Philly Fringe Dispatch, Week 1
The best, the worst, and a supplement to the fringe guide
For the month of Philly Fringe, I’ll be doing a weekly diary roundup with short-form coverage of what I’ve been seeing. My hope is this will be more readable, while also saving some time on my end (although concision is often harder, there’s less to edit and review, and the work of pulling up all the details of, say, who designed what, is not always easy to find for a fringe show without a program or press kit) allowing me to be more comprehensive. I may work up some longer form as things go on. Read to the end for a supplement to the Fringe Guide I posted before the festival.
My week began at Freak Mic for a fringe preview night on Labor Day. Just getting back to town from the weekend away, I brought my luggage inside my apartment before hauling myself to Milkboy South St for the biweekly event hosted by John Miller Glitner and Liam Paris.
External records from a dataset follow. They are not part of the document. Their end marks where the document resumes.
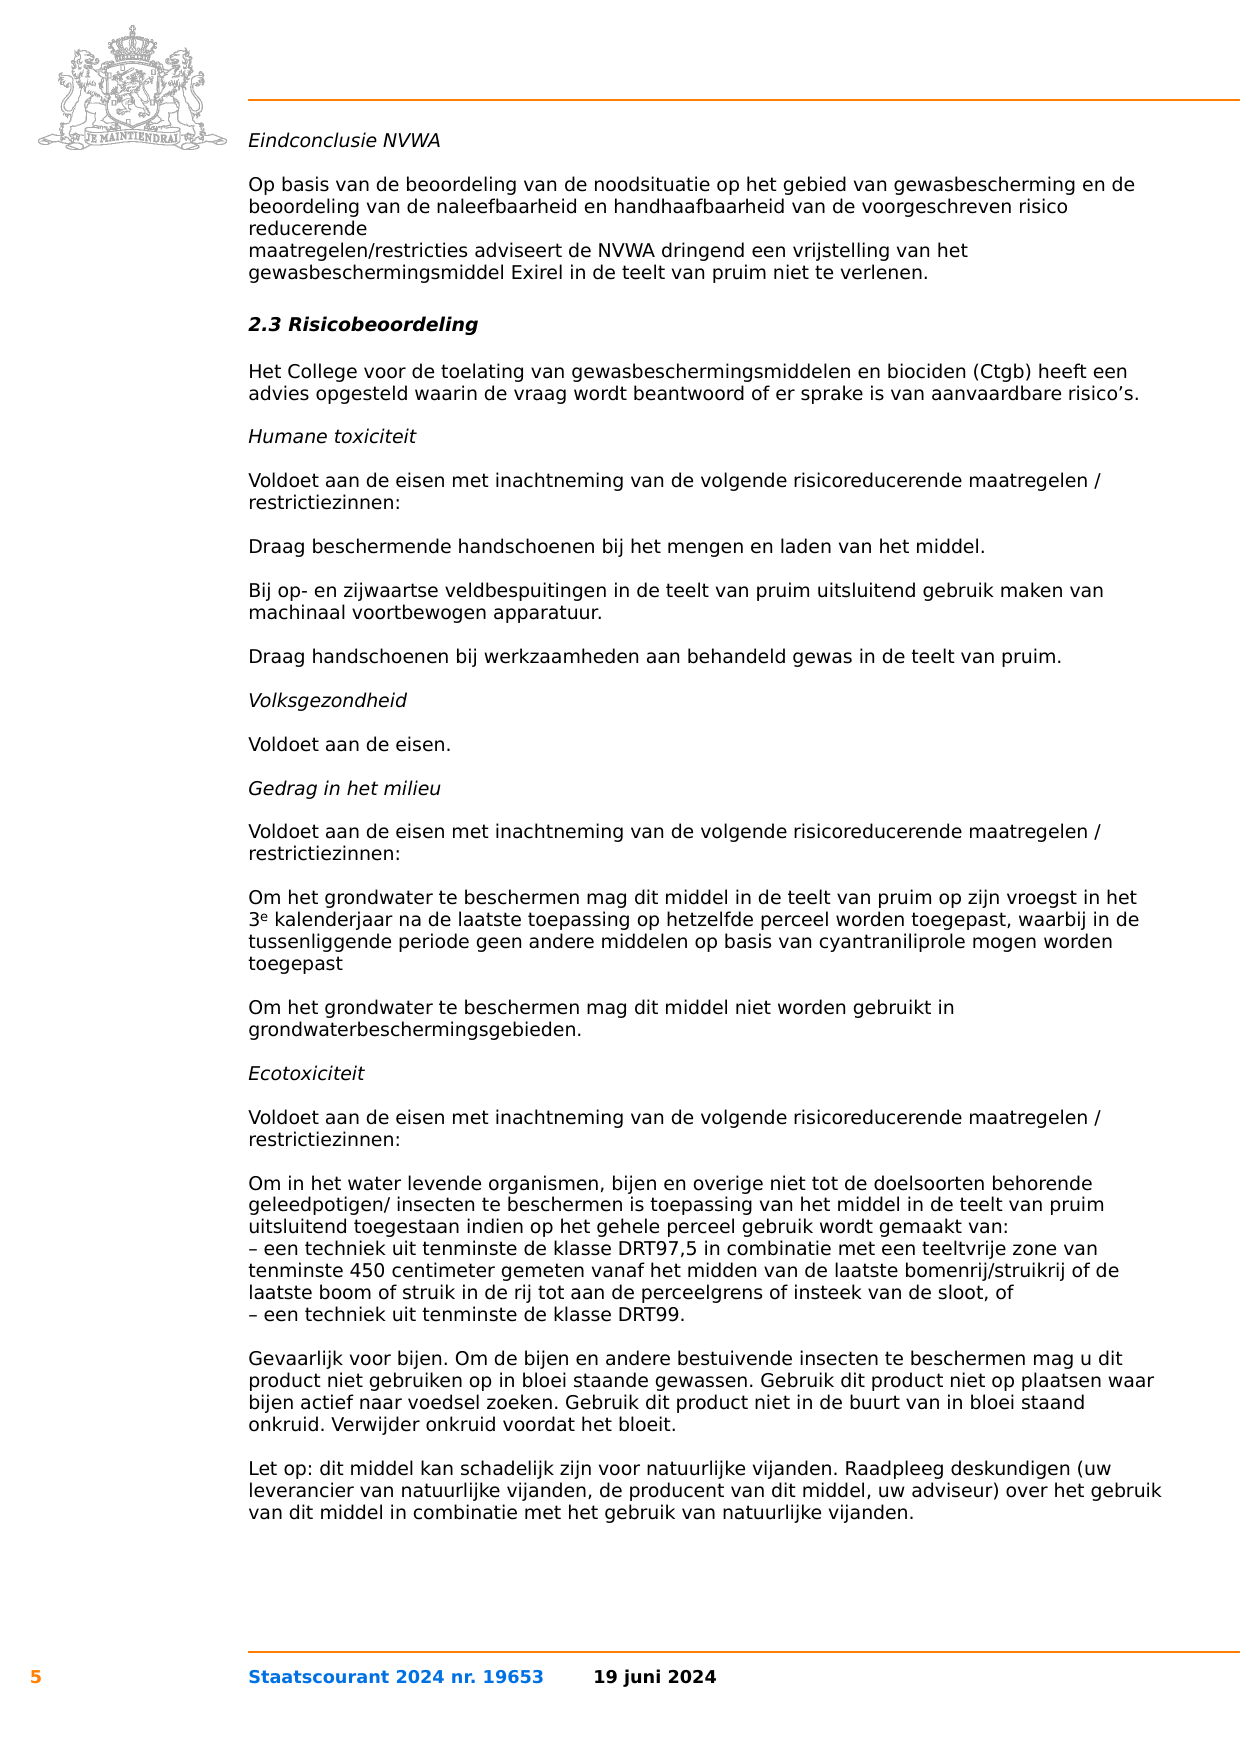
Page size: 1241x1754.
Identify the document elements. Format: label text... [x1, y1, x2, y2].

text Let op: dit middel kan schadelijk zijn voor natuurlijke vijanden. Raadpleeg deskundigen (uw leverancier van natuurlijke vijanden, de producent van dit middel, uw adviseur) over het gebruik van dit middel in combinatie met het gebruik van natuurlijke vijanden. [248, 1458, 1163, 1524]
text Om in het water levende organismen, bijen en overige niet tot de doelsoorten behorende geleedpotigen/ insecten te beschermen is toepassing van het middel in de teelt van pruim uitsluitend toegestaan indien op het gehele perceel gebruik wordt gemaakt van: [248, 1172, 1163, 1238]
text Draag beschermende handschoenen bij het mengen en laden van het middel. [248, 536, 1163, 558]
text maatregelen/restricties adviseert de NVWA dringend een vrijstelling van het gewasbeschermingsmiddel Exirel in de teelt van pruim niet te verlenen. [248, 240, 1163, 284]
subtitle Eindconclusie NVWA [248, 130, 1163, 152]
subtitle 2.3 Risicobeoordeling [248, 314, 1163, 336]
text Om het grondwater te beschermen mag dit middel in de teelt van pruim op zijn vroegst in het 3e kalenderjaar na de laatste toepassing op hetzelfde perceel worden toegepast, waarbij in de tussenliggende periode geen andere middelen op basis van cyantraniliprole mogen worden toegepast [248, 887, 1163, 975]
subtitle Gedrag in het milieu [248, 777, 1163, 799]
subtitle Volksgezondheid [248, 690, 1163, 712]
text Draag handschoenen bij werkzaamheden aan behandeld gewas in de teelt van pruim. [248, 646, 1163, 668]
text Op basis van de beoordeling van de noodsituatie op het gebied van gewasbescherming en de beoordeling van de naleefbaarheid en handhaafbaarheid van de voorgeschreven risico reducerende [248, 174, 1163, 240]
text Bij op- en zijwaartse veldbespuitingen in de teelt van pruim uitsluitend gebruik maken van machinaal voortbewogen apparatuur. [248, 580, 1163, 624]
text – een techniek uit tenminste de klasse DRT99. [248, 1304, 1163, 1326]
picture [38, 25, 227, 150]
subtitle Ecotoxiciteit [248, 1063, 1163, 1085]
text Om het grondwater te beschermen mag dit middel niet worden gebruikt in grondwaterbeschermingsgebieden. [248, 997, 1163, 1041]
text – een techniek uit tenminste de klasse DRT97,5 in combinatie met een teeltvrije zone van tenminste 450 centimeter gemeten vanaf het midden van de laatste bomenrij/struikrij of de laatste boom of struik in de rij tot aan de perceelgrens of insteek van de sloot, of [248, 1238, 1163, 1304]
text Voldoet aan de eisen. [248, 733, 1163, 756]
text Voldoet aan de eisen met inachtneming van de volgende risicoreducerende maatregelen / restrictiezinnen: [248, 470, 1163, 514]
text Het College voor de toelating van gewasbeschermingsmiddelen en biociden (Ctgb) heeft een advies opgesteld waarin de vraag wordt beantwoord of er sprake is van aanvaardbare risico’s. [248, 361, 1163, 404]
text Gevaarlijk voor bijen. Om de bijen en andere bestuivende insecten te beschermen mag u dit product niet gebruiken op in bloei staande gewassen. Gebruik dit product niet op plaatsen waar bijen actief naar voedsel zoeken. Gebruik dit product niet in de buurt van in bloei staand onkruid. Verwijder onkruid voordat het bloeit. [248, 1348, 1163, 1436]
text Voldoet aan de eisen met inachtneming van de volgende risicoreducerende maatregelen / restrictiezinnen: [248, 821, 1163, 865]
subtitle Humane toxiciteit [248, 426, 1163, 448]
text Voldoet aan de eisen met inachtneming van de volgende risicoreducerende maatregelen / restrictiezinnen: [248, 1107, 1163, 1151]

Dan Kitrosser and Chris Davis were among those showing excerpts, and you should check out their shows, though given a packed schedule it looks like I won’t be able to make Davis’s The Presented until the last weekend.
Wednesday
Carnival of Feelings promises a carnival-cum-therapy, but it didn't live up to the premise as it moved slowly through a handful of stations. A 30-45 minute experience rather than the promised 15-30. Crowded into the Asian Arts Initiative storefront gallery space, it felt more like a haunted house trying to teach healthy coping mechanisms than it did a carnival. Given “feelings cards” to fill out after each station, at the end two emotions showed up twice on mine: bored and awkward.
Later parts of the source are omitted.